Although Malaysia’s government wants to move the country’s manufacturing base from low-end assembly and labor-intensive production towards lean manufacturing, utilizing, AI, and automation within a digital cloud enterprise environment between 2024 and 2026, it isn’t going to be easy, and the goals may be too ambitious. There are alternatives such as rural development that would pay better dividends for less money.

The government has embraced “Industry 4.0,” a concept for business and manufacturing that has become the new buzzword. More than RM45 billion (US$10.8 billion) has been allocated over the next five years to ready companies to embrace Industry 4.0 and roll out a National Digital Network (Jendels), to facilitate the vision.  To critics, it appears a weary repeat of many of the white elephant industrial products embraced by former Prime Minister Mahathir Mohamad that ended in disaster, endemic corruption and wasted billions

The government’s initiative commenced in 2019 with RM 210 million allocated for companies to undertake Readiness Assessment Programs. This was done on the premise that worker productivity would be increased 30 percent, skilled workers as a percentage of the workforce from 18 to 35 percent, and an enhanced manufacturing contribution of RM254 billion to RM 392 billion. So far, the beneficiaries of this scheme have been a small select group of consultancy companies. 
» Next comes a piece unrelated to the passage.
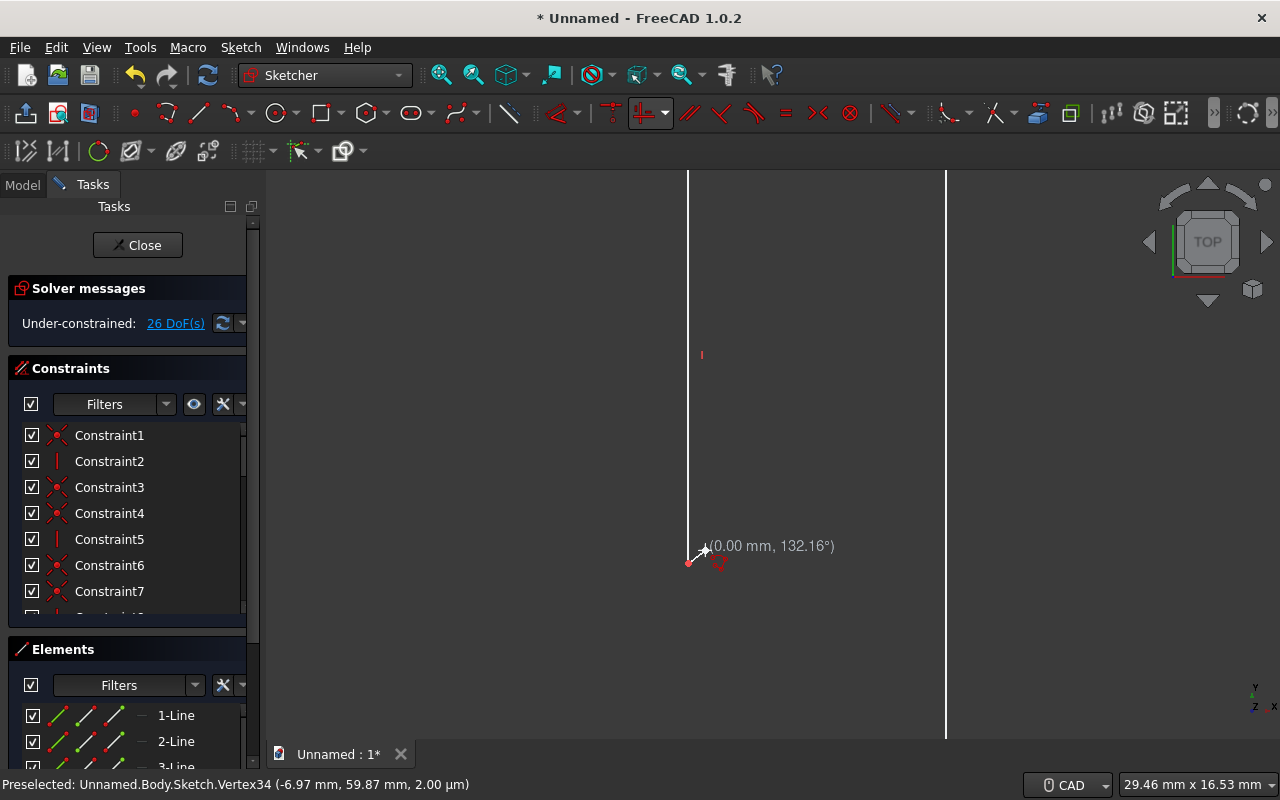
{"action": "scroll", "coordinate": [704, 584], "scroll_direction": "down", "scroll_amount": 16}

In the National Digital Blueprint, released last February, prime minister Muhyiddin Yassin claimed that the digital economy would make up 22.6 percent of GDP and create 500,000 new jobs by 2025. The blueprint is expected to assist 875,000 micro, small and medium enterprises with Amazon, Google, Microsoft, and Telekom Malaysia establishing data centers. 

A flurry of government-linked companies are being utilized to drive this initiative. The Malaysian Digital Economy Corporation (MDEC) will be responsible for the digital aspects of the vision, and the Malaysian Productivity Corporation (MPC), responsible for promoting lean manufacturing, and cloud-based management and marketing channels for businesses.  MPC activities  are to organize seminars, undertake study tours both locally and internationally, and educate the “players.”
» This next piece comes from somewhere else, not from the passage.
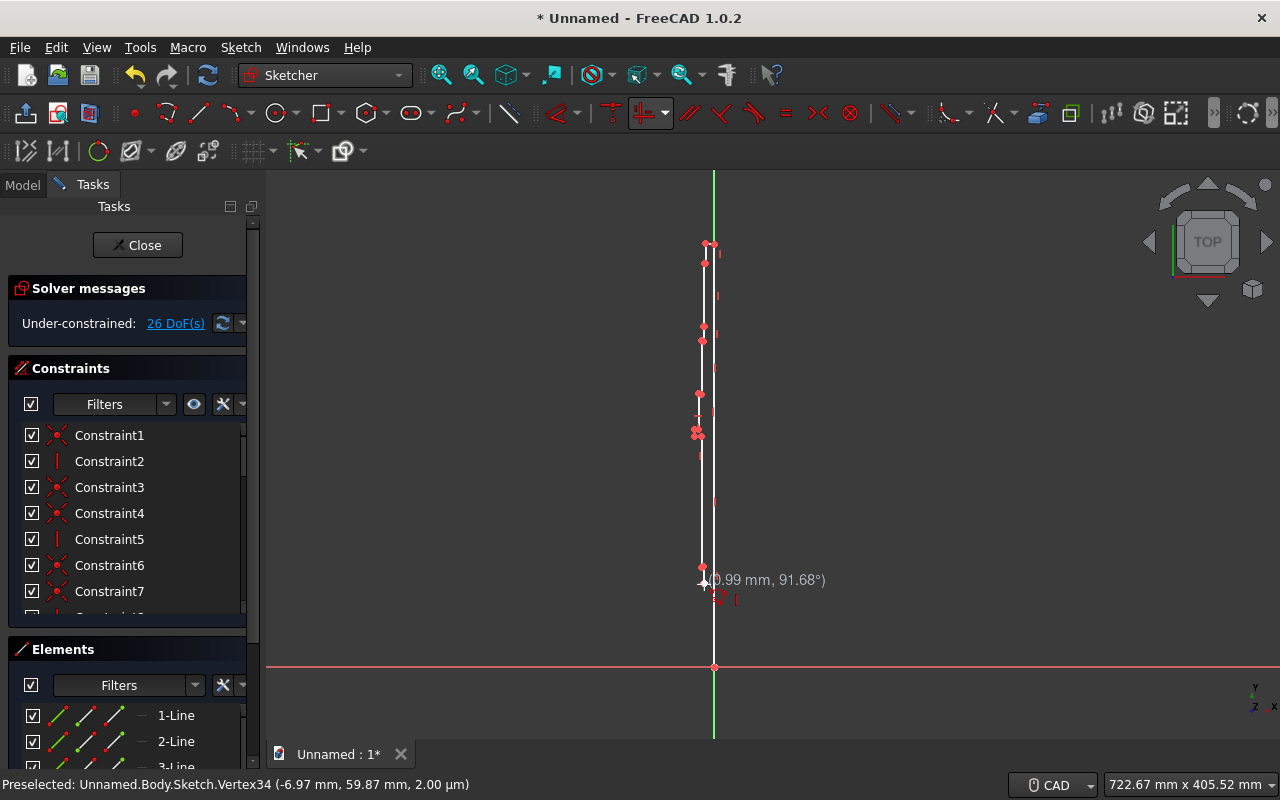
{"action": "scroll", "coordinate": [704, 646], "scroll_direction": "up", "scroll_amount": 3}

This is all reminiscent of the now-dormant Malaysian Multimedia Corporation, Malaysian Biotech Corporation, and the Badawi-era regional development corporations during their time in the limelight. 

Industry 4.0 is not a magic bullet

The fact is that extremely high capital investment costs, long learning curves and payback periods that will take years associated with implementing industry 4.0 technology and developing the associated systems configurations make it unlikely that Malaysian SMEs would be able to adopt these concepts., especially the case given the typical short production runs that SMEs undertake due to the small markets they serve, and short product-lifecycles of what they manufacture and market. 

Some of these systems are not agile as claimed, and the expense of changing systems for products can be exorbitant. Industry 4.0 production concepts are just not suitable for 99 percent of Malaysian SMEs, most of which still rely on manual labor, rudimentary production lines and shoestring finance. Establishing big-tech branded data centers won’t have many direct benefits. The centers would be regional data storage hubs that require well-funded, large employers, as they are operated and maintained by small numbers of highly skilled technicians.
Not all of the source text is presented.